* _WORK INSTRUCTIONS_:
Go line by line through the entries below and copy those containing the string "attributecount".

* _RECORD EXCERPTS_:
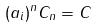<formula> <loc_0><loc_0><loc_500><loc_500>( a _ { i } ) ^ { n } C _ { n } = C</formula> 
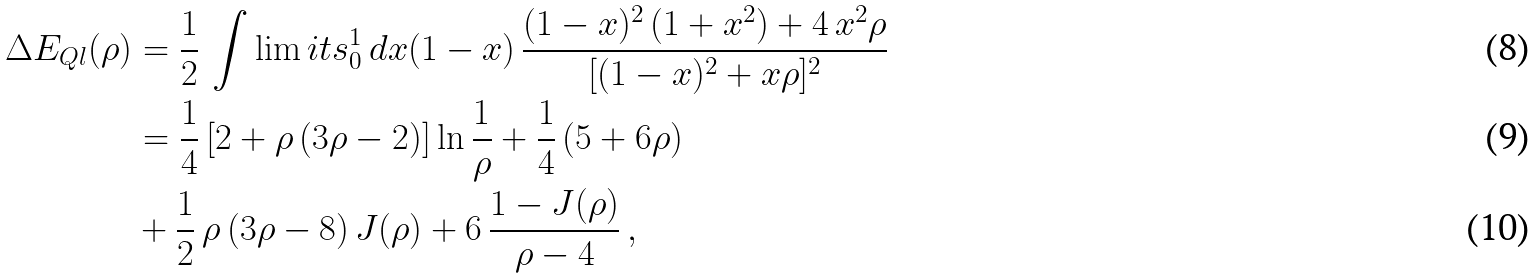<formula> <loc_0><loc_0><loc_500><loc_500>\Delta E _ { Q l } ( \rho ) & = \frac { 1 } { 2 } \, \int \lim i t s _ { 0 } ^ { 1 } \, d x ( 1 - x ) \, \frac { ( 1 - x ) ^ { 2 } \, ( 1 + x ^ { 2 } ) + 4 \, x ^ { 2 } \rho } { [ ( 1 - x ) ^ { 2 } + x \rho ] ^ { 2 } } \\ & = \frac { 1 } { 4 } \, [ 2 + \rho \, ( 3 \rho - 2 ) ] \ln \frac { 1 } { \rho } + \frac { 1 } { 4 } \, ( 5 + 6 \rho ) \\ & + \frac { 1 } { 2 } \, \rho \, ( 3 \rho - 8 ) \, J ( \rho ) + 6 \, \frac { 1 - J ( \rho ) } { \rho - 4 } \, ,</formula> 
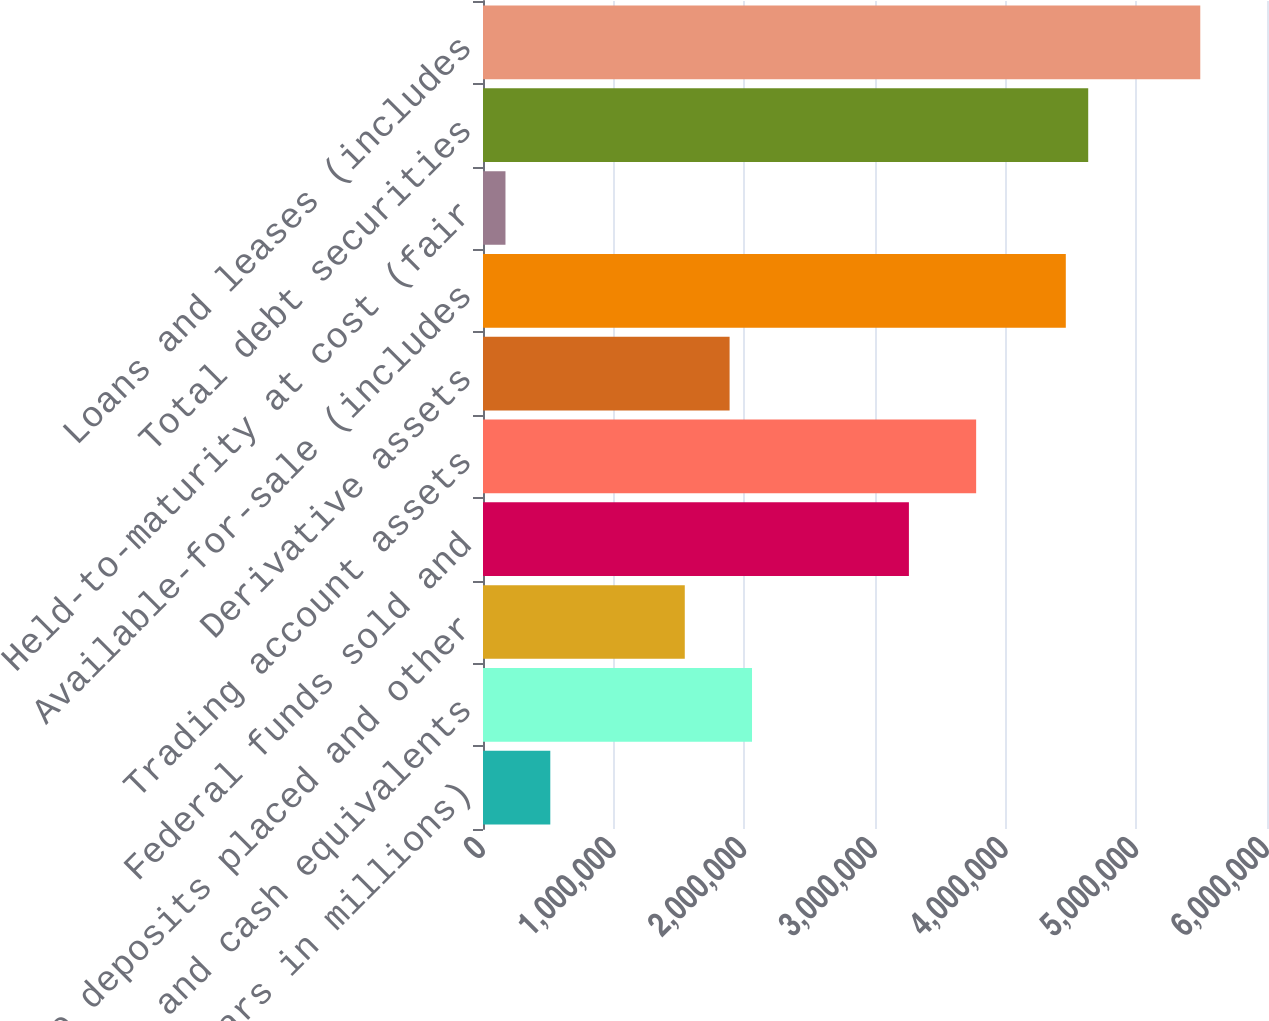<chart> <loc_0><loc_0><loc_500><loc_500><bar_chart><fcel>(Dollars in millions)<fcel>Cash and cash equivalents<fcel>Time deposits placed and other<fcel>Federal funds sold and<fcel>Trading account assets<fcel>Derivative assets<fcel>Available-for-sale (includes<fcel>Held-to-maturity at cost (fair<fcel>Total debt securities<fcel>Loans and leases (includes<nl><fcel>515043<fcel>2.0588e+06<fcel>1.54422e+06<fcel>3.25951e+06<fcel>3.77409e+06<fcel>1.88728e+06<fcel>4.46021e+06<fcel>171985<fcel>4.63174e+06<fcel>5.48938e+06<nl></chart> 
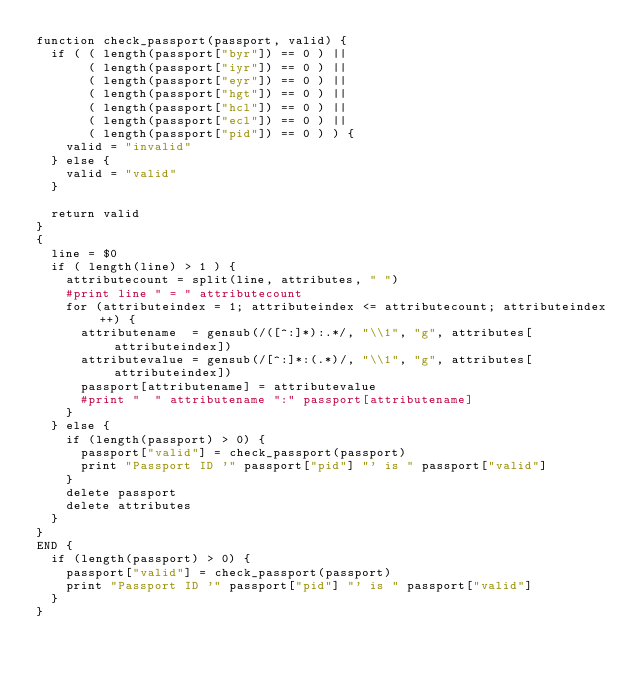<code> <loc_0><loc_0><loc_500><loc_500><_Awk_>function check_passport(passport, valid) {
  if ( ( length(passport["byr"]) == 0 ) ||
       ( length(passport["iyr"]) == 0 ) ||
       ( length(passport["eyr"]) == 0 ) ||
       ( length(passport["hgt"]) == 0 ) ||
       ( length(passport["hcl"]) == 0 ) ||
       ( length(passport["ecl"]) == 0 ) ||
       ( length(passport["pid"]) == 0 ) ) {
    valid = "invalid"
  } else {
    valid = "valid"
  }

  return valid
}
{
  line = $0
  if ( length(line) > 1 ) {
    attributecount = split(line, attributes, " ")
    #print line " = " attributecount
    for (attributeindex = 1; attributeindex <= attributecount; attributeindex++) {
      attributename  = gensub(/([^:]*):.*/, "\\1", "g", attributes[attributeindex])
      attributevalue = gensub(/[^:]*:(.*)/, "\\1", "g", attributes[attributeindex])
      passport[attributename] = attributevalue
      #print "  " attributename ":" passport[attributename]
    }
  } else {
    if (length(passport) > 0) {
      passport["valid"] = check_passport(passport)
      print "Passport ID '" passport["pid"] "' is " passport["valid"]
    }
    delete passport
    delete attributes
  }
}
END {
  if (length(passport) > 0) {
    passport["valid"] = check_passport(passport)
    print "Passport ID '" passport["pid"] "' is " passport["valid"]
  }
}
</code> 
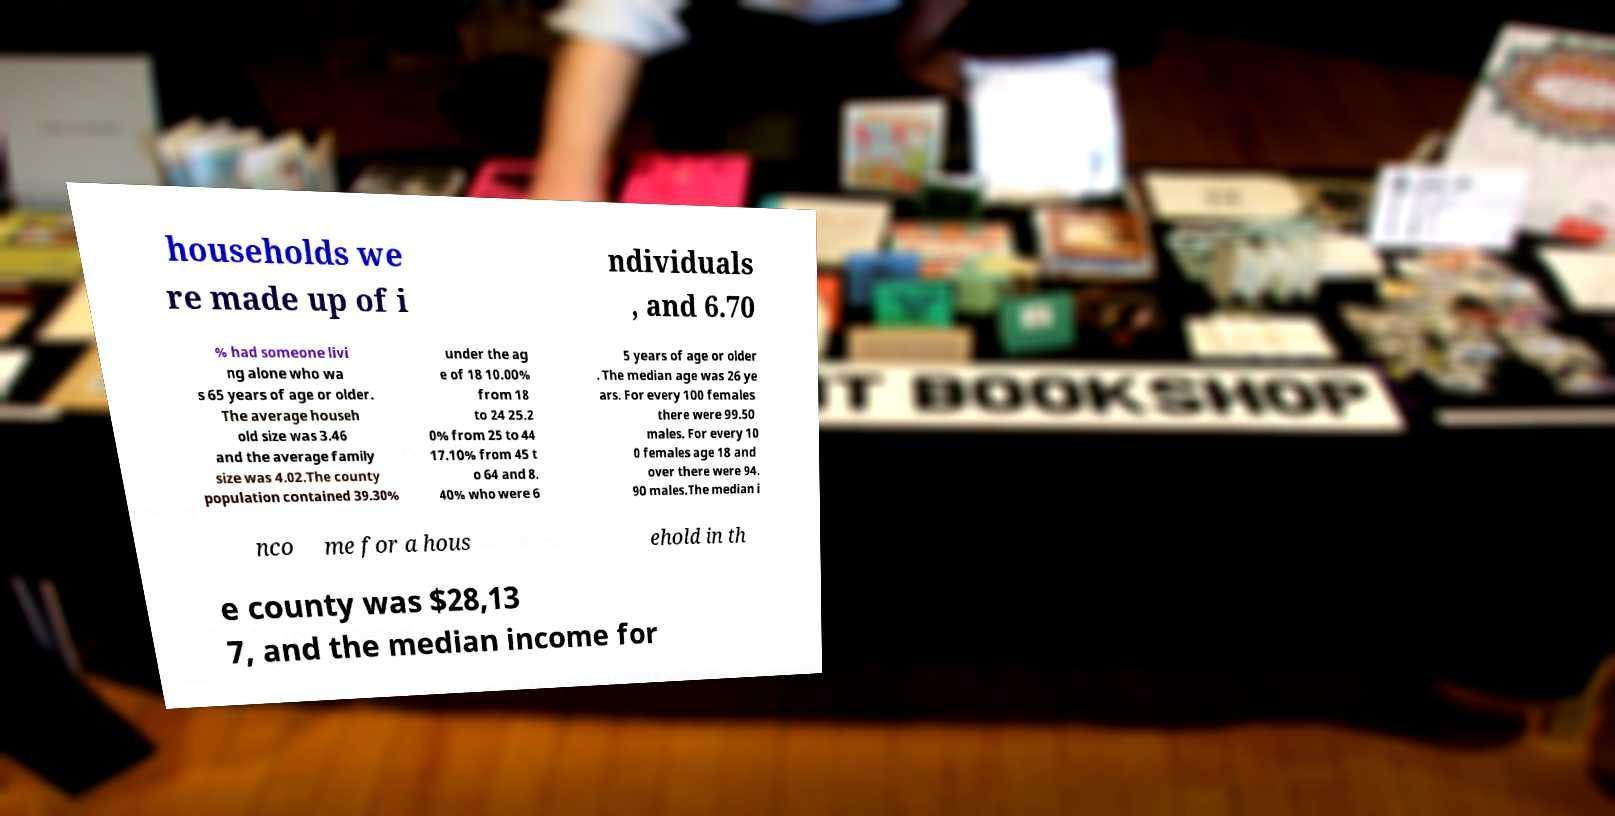Can you read and provide the text displayed in the image?This photo seems to have some interesting text. Can you extract and type it out for me? households we re made up of i ndividuals , and 6.70 % had someone livi ng alone who wa s 65 years of age or older. The average househ old size was 3.46 and the average family size was 4.02.The county population contained 39.30% under the ag e of 18 10.00% from 18 to 24 25.2 0% from 25 to 44 17.10% from 45 t o 64 and 8. 40% who were 6 5 years of age or older . The median age was 26 ye ars. For every 100 females there were 99.50 males. For every 10 0 females age 18 and over there were 94. 90 males.The median i nco me for a hous ehold in th e county was $28,13 7, and the median income for

* _YOUR RESPONSE_:
    attributecount = split(line, attributes, " ")
    #print line " = " attributecount
    for (attributeindex = 1; attributeindex <= attributecount; attributeindex++) {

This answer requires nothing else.